Thursday, January 2, 2014

Calling WSO2 Admin Services in Python

I’m using some WSO2 middleware for my ongoing research, and recently I had the requirement of calling some admin services from Python 2.7. All WSO2 products expose a number of special administrative web services (admin services), using which the WSO2 server instances can be controlled, configured and monitored. In fact, all the web-based UI components that ship with WSO2 middleware make use of these admin services under the hood to manage the server runtime.
WSO2 admin services are SOAP services (based on Apache Axis2), and are secured using HTTP basic authentication. All admin services expose a WSDL document using which client applications can be written or generated to consume the admin services. In this post I’m going to summarize how to implement a simple Python client to consume the WSO2 admin services.
We will be writing our Python client using the Suds SOAP library for Python. Suds is simple, lightweight and extremely easy to use. As the first step, we should install Suds. Depending on the Python package manager you wish to use, one of the following commands should do the trick (tested on OS X and Ubuntu):
sudo easy_install suds
sudo pip install suds
Next we need to instruct the target WSO2 server product to expose the admin service WSDLs. By default these WSDLs are hidden. To unhide them, open up the repository/conf/carbon.xml file of the WSO2 product, and set the value of HideAdminServiceWSDLs parameter to false:
<HideAdminServiceWSDLs>false</HideAdminServiceWSDLs>
Now restart the WSO2 server, and you should be able to access the admin service WSDLs using a web browser. For example, to access the WSDL of the UserAdmin service, point your browser to http://localhost:9443/services/UserAdmin?wsdl
Now we can go ahead and write the Python code to consume any of the available admin services. Here’s a working sample that consumes the UserAdmin service. This simply prints out a list of roles defined in the WSO2 User Management component:
from suds.client import Client
from suds.transport.http import HttpAuthenticated
import logging

if __name__ == '__main__':
    #logging.basicConfig(level=logging.INFO)
    #logging.getLogger('suds.client').setLevel(logging.DEBUG)

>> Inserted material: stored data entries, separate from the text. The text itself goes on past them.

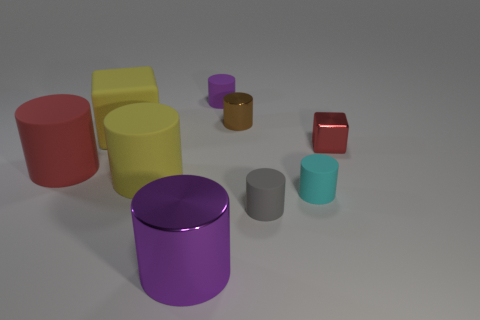What is the size of the shiny thing in front of the tiny metallic block?
Give a very brief answer. Large. How many large things are either cyan matte cylinders or purple rubber spheres?
Offer a terse response. 0. What color is the matte cylinder that is both right of the yellow block and on the left side of the purple matte cylinder?
Keep it short and to the point. Yellow. Are there any red objects of the same shape as the tiny purple object?
Your response must be concise. Yes. What material is the large purple thing?
Offer a terse response. Metal. Are there any shiny objects on the right side of the small cyan rubber cylinder?
Give a very brief answer. Yes. Is the gray rubber object the same shape as the large red thing?
Your answer should be very brief. Yes. How many other things are there of the same size as the red cube?
Your answer should be compact. 4. How many things are tiny matte things that are right of the gray rubber thing or tiny brown metal objects?
Offer a terse response. 2. What color is the tiny shiny block?
Offer a very short reply. Red. 
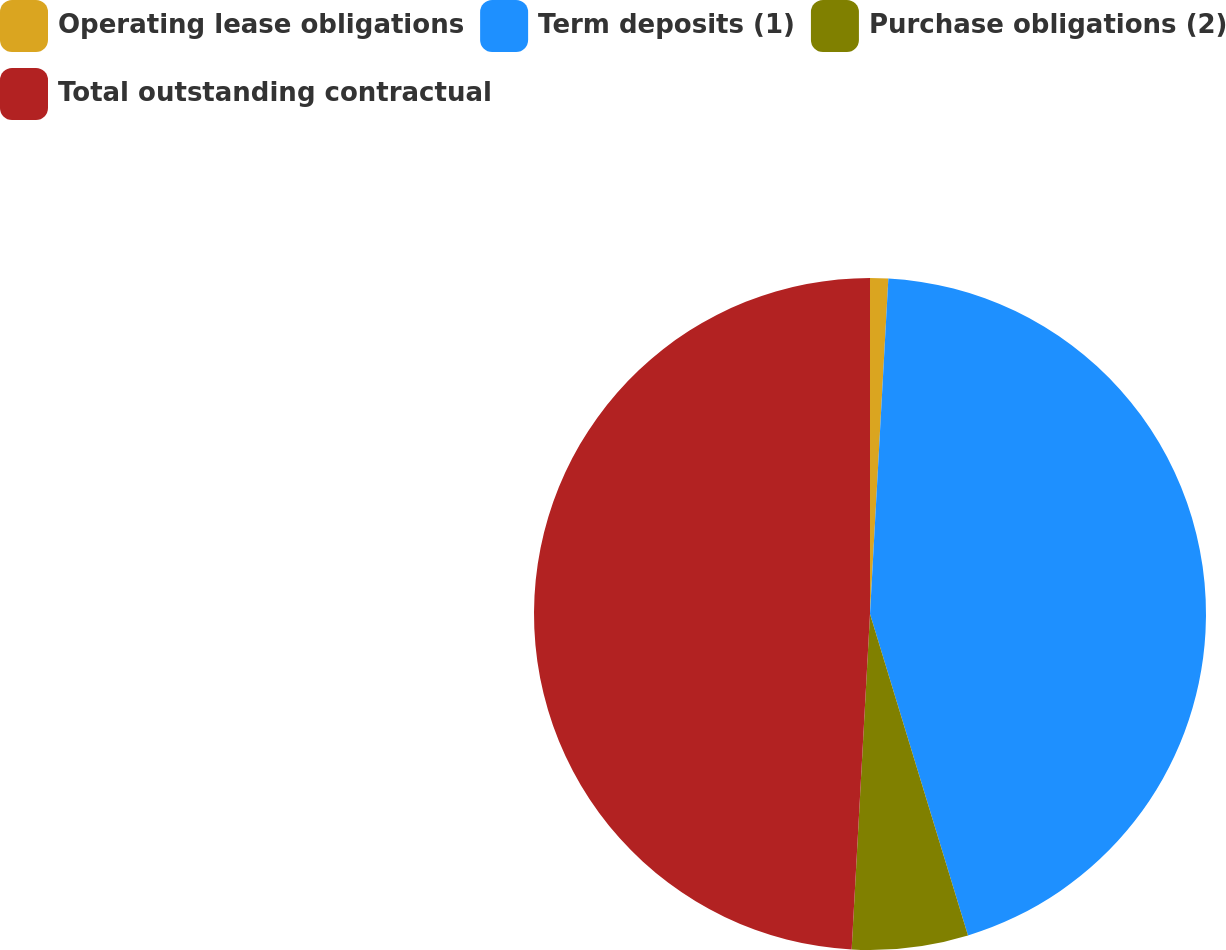<chart> <loc_0><loc_0><loc_500><loc_500><pie_chart><fcel>Operating lease obligations<fcel>Term deposits (1)<fcel>Purchase obligations (2)<fcel>Total outstanding contractual<nl><fcel>0.87%<fcel>44.42%<fcel>5.58%<fcel>49.13%<nl></chart>

    t = HttpAuthenticated(username='admin', password='admin')
    client = Client('https://localhost:9443/services/UserAdmin?wsdl', location='https://localhost:9443/services/UserAdmin', transport=t)
    print client.service.getAllRolesNames()
That’s pretty much it. I have tested this approach with several WSO2 admin services, and they all seem to work without any issues. If you need to debug something, uncomment the two commented out lines in the above example. That will print all the SOAP messages and the HTTP headers that are being exchanged.
I also tried to write a client using the popular SOAPy library, but unfortunately couldn’t get it to work due to several bugs in SOAPy. SOAPy was incapable of retrieving the admin service WSDLs over HTTPS. This can be worked around by using the HTTP URL for the WSDL, but in that case SOAPy failed to generate the correct request messages to call the admin services. Basically, the namespaces of the generated SOAP messages were messed up. But with Suds I didn’t run into any issues.